Test automation is essential for continuous testing, but it’s not sufficient. Test automation is designed to produce a set of pass/fail data points correlated to user stories or application requirements. Continuous testing, on the other hand, focuses on business risk and providing insight on whether the software can be released. Beyond test automation, continuous testing also involves practices such as aligning testing with your business risk, applying service virtualization and stateful test data management to stabilize testing for continuous integration, and performing exploratory testing to expose “big block” issues early in each iteration. It’s not simply a matter of more tools or different tools. It requires a deeper transformation across people and processes as well as technologies.
Continuous testing has undeniably become imperative—especially now that 97 percent of organizations have adopted agile and 71 percent are practicing or adopting devops (according to Sauce Labs). New Forrester research confirms that continuous testing is one of the key factors separating agile/devops leaders from agile/devops laggards. Nevertheless, most enterprises still don’t have a mature, sustainable continuous testing process in place. Forrester found that even the organizations actively practicing agile and devops have a relatively low continuous testing adoption rate: 26 percent.
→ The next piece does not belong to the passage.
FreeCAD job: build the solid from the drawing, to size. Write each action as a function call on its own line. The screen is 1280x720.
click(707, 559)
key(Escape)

Many organizations have experimented with test automation; typically, automating some UI tests and integrating their execution into the continuous integration process. They achieve and celebrate small victories, but the process doesn’t expand. In fact, it decays. Why? Typically, it boils down to roadblocks that fall into the following three categories:
- Time and resources
- Complexity
- Results
Time and resources
Teams severely underestimate the time and resources required for sustainable test automation. Yes, getting some basic UI tests to run automatically is a great start. However, you also need to plan for the time and resources required to:
- Keep notoriously brittle tests scripts from overwhelming the team with false positives.
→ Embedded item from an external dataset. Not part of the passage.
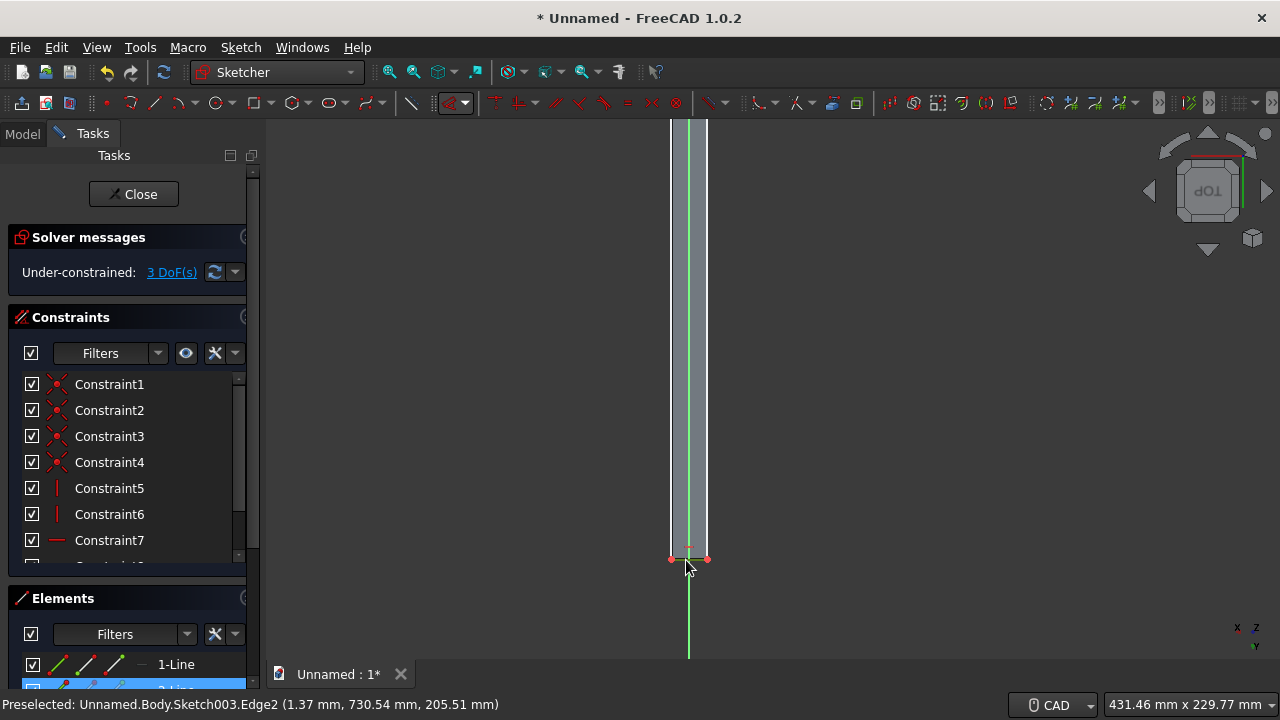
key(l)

- Create tests for every new or modified requirement (or determine where to focus your efforts and what you can skip).
- Establish a test framework that supports reuse and data-driven testing—both of which are essential for making automation sustainable over the long term.
- Keep individual tests and the broader test framework in sync with the constantly evolving application.
- Execute the test suite—especially if you’re trying to frequently run a large, UI-heavy test suite.
- Determine how to automate more advanced use cases and keep them running consistently in a continuous testing environment (see the next section for more on this).
- Review and interpret test the mounting volume of test results (more on this later too).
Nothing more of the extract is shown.